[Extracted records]
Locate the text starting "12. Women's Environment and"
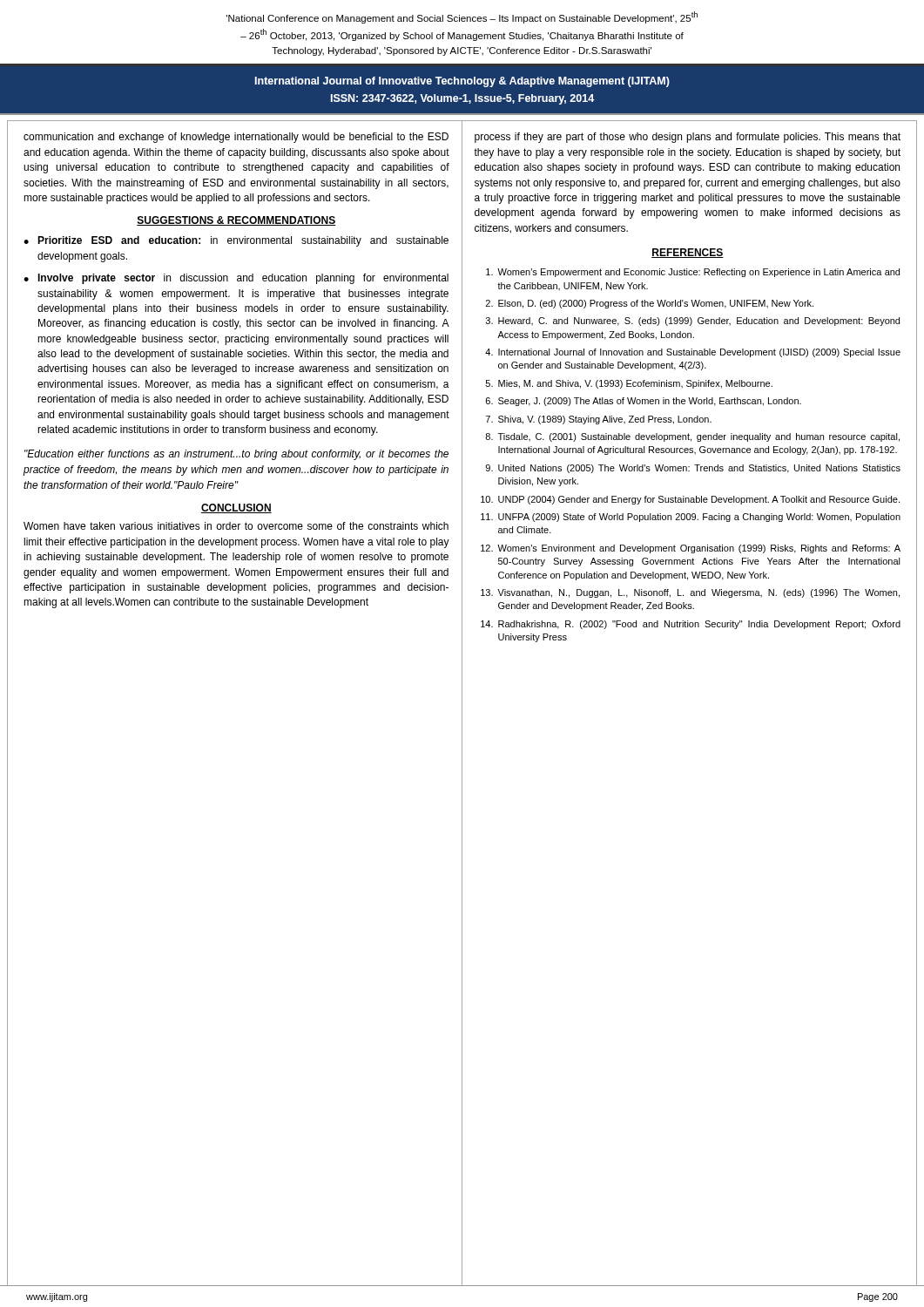Image resolution: width=924 pixels, height=1307 pixels. tap(687, 562)
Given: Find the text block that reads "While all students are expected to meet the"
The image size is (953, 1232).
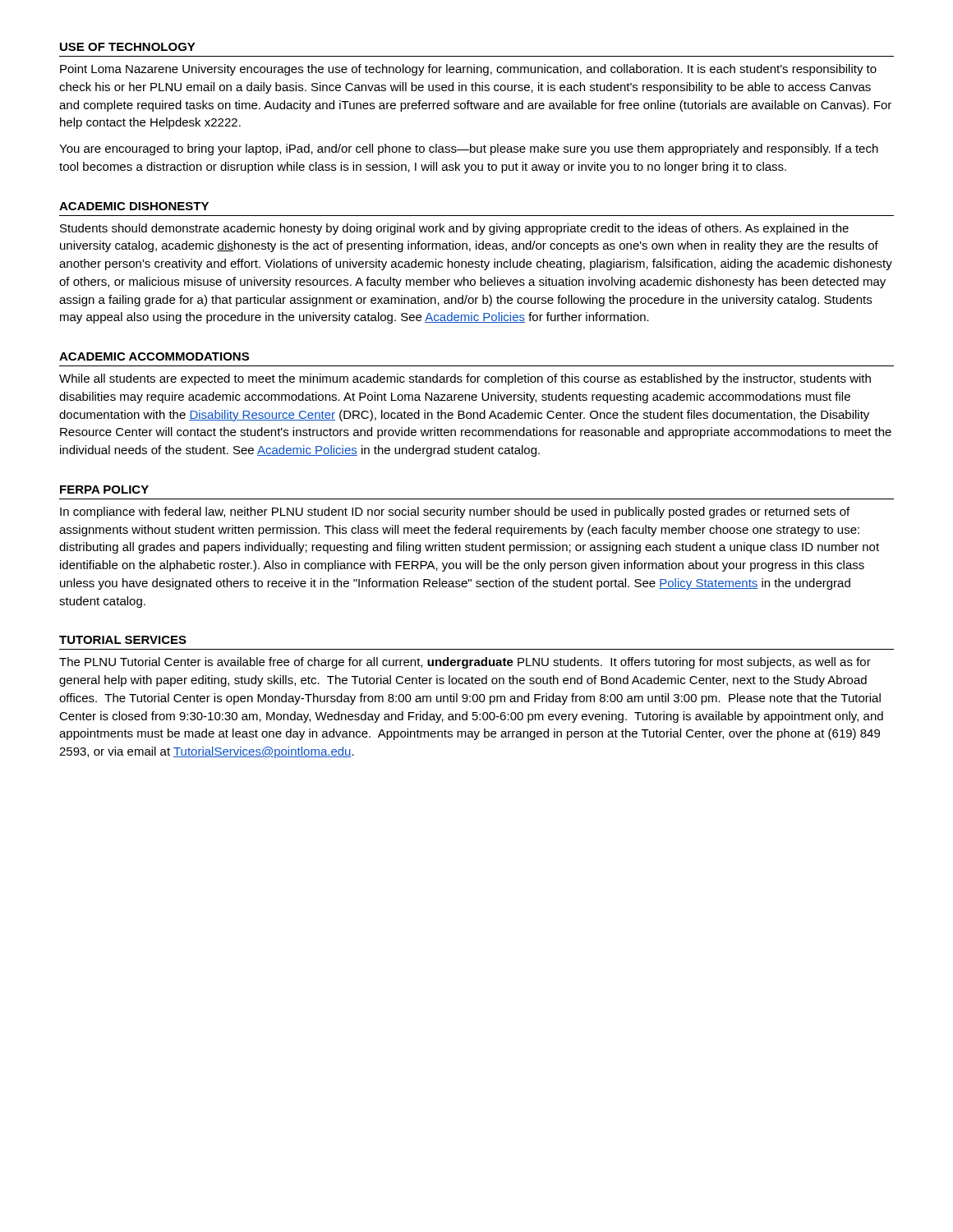Looking at the screenshot, I should [475, 414].
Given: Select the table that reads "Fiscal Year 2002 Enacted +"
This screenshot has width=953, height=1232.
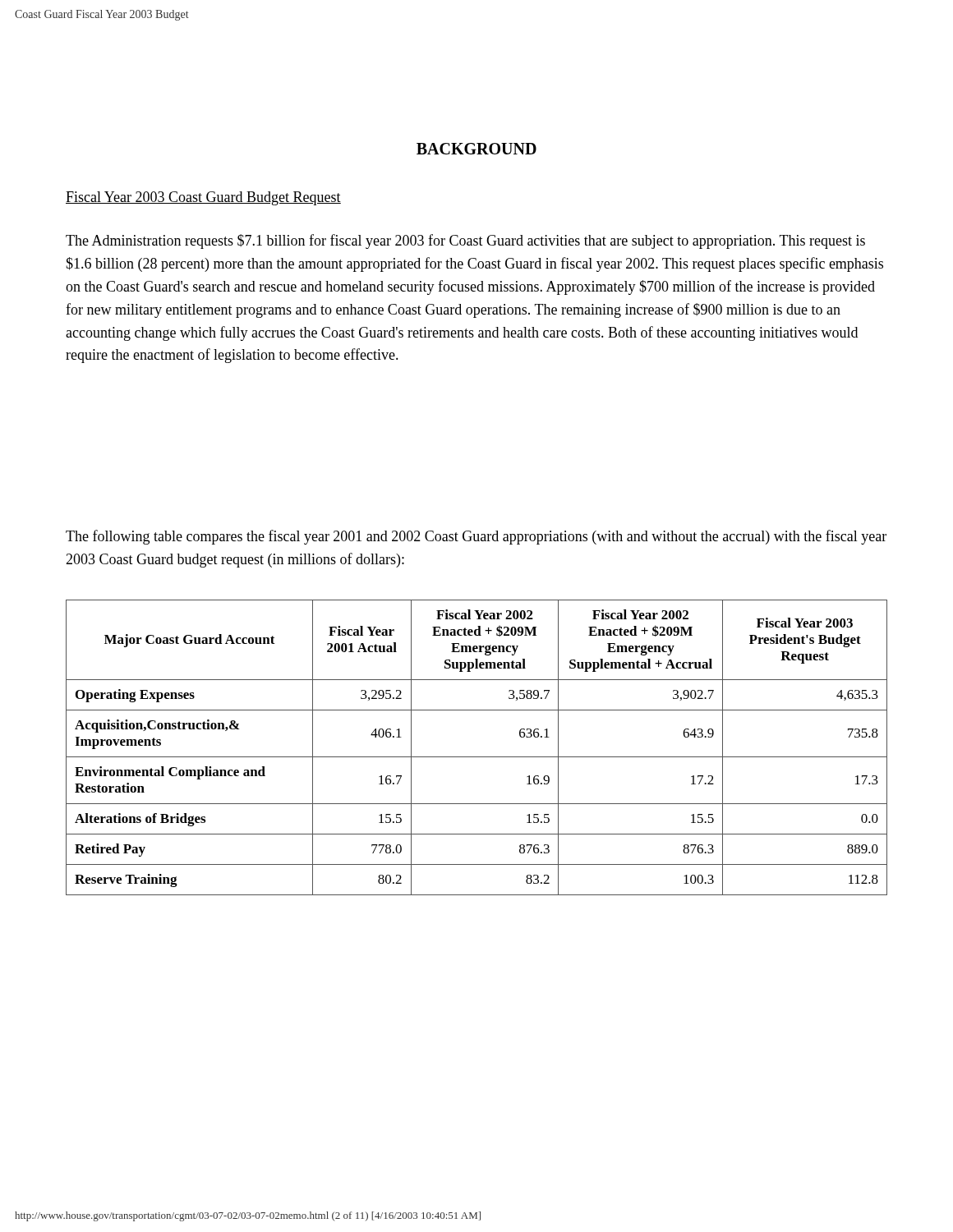Looking at the screenshot, I should coord(476,747).

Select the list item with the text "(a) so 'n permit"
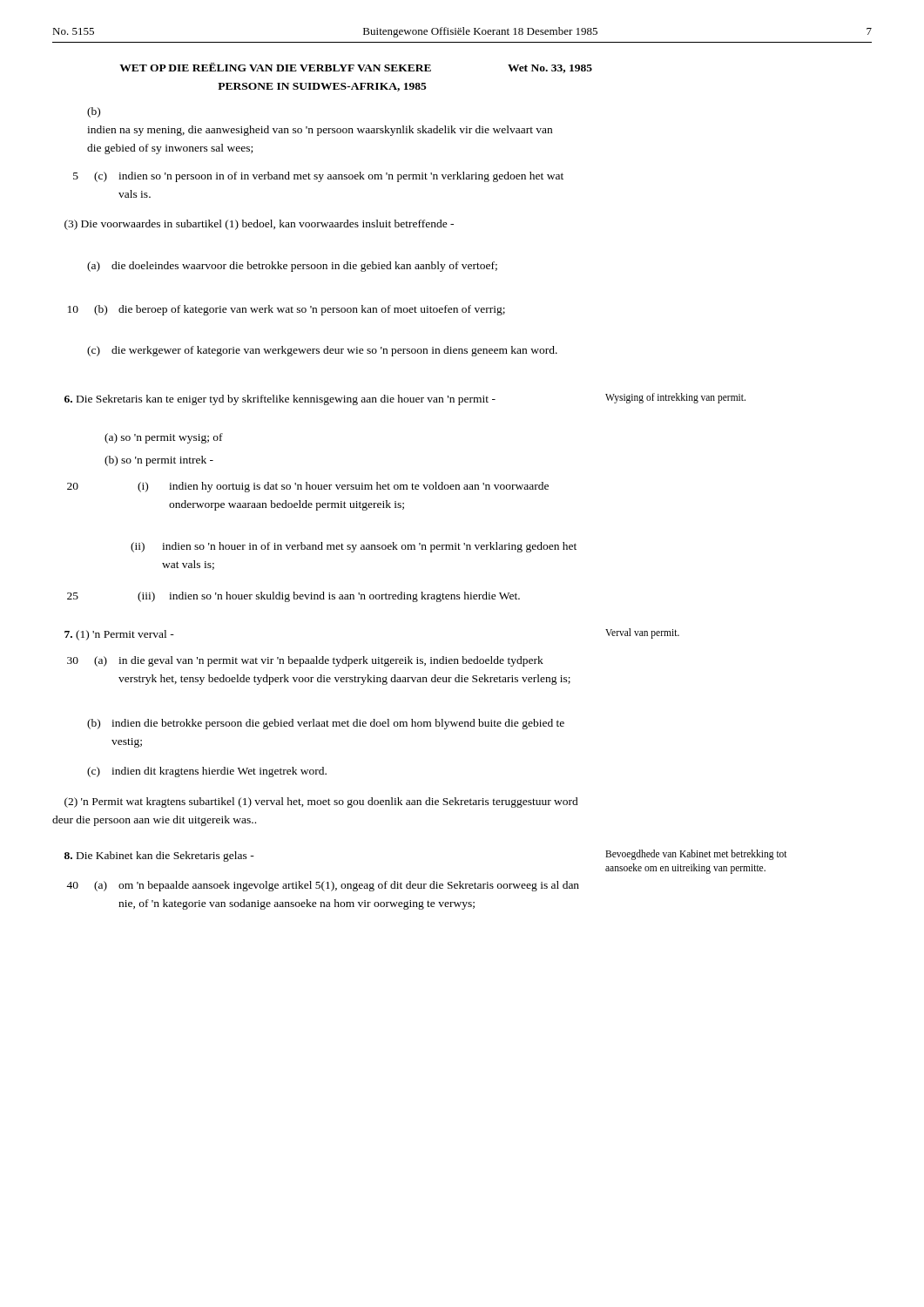(x=164, y=438)
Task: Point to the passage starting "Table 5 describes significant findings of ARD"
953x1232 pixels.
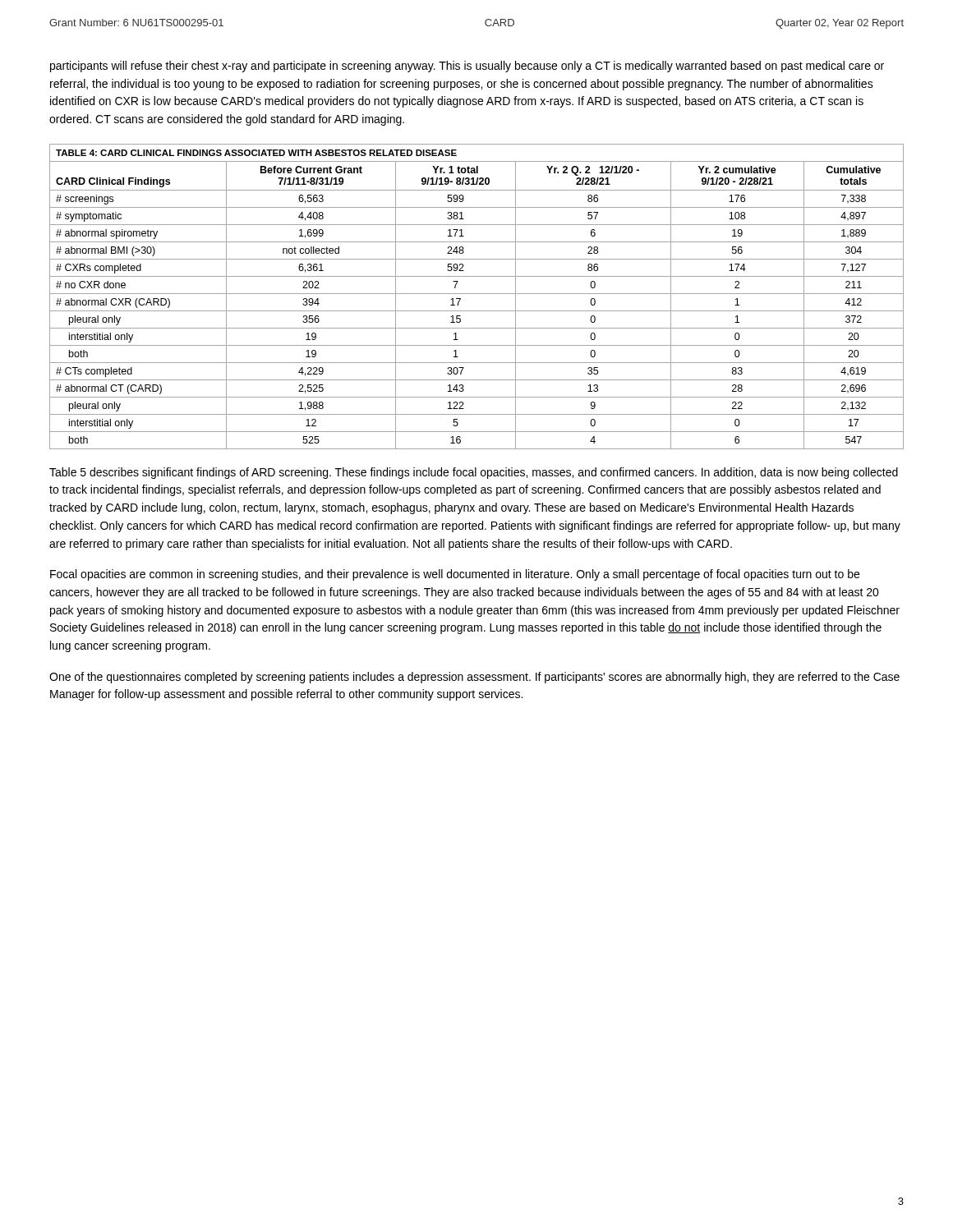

▶ **EXERCISE REQUIREMENTS**:
Read through the entries and copy each line in which "Given" appears.

▶ **ANSWER TO THE PROBLEM**:
Given: Find the text block that reads "While all students are expected to meet the"
Given: Select the table that reads "Fiscal Year 2002 Enacted +"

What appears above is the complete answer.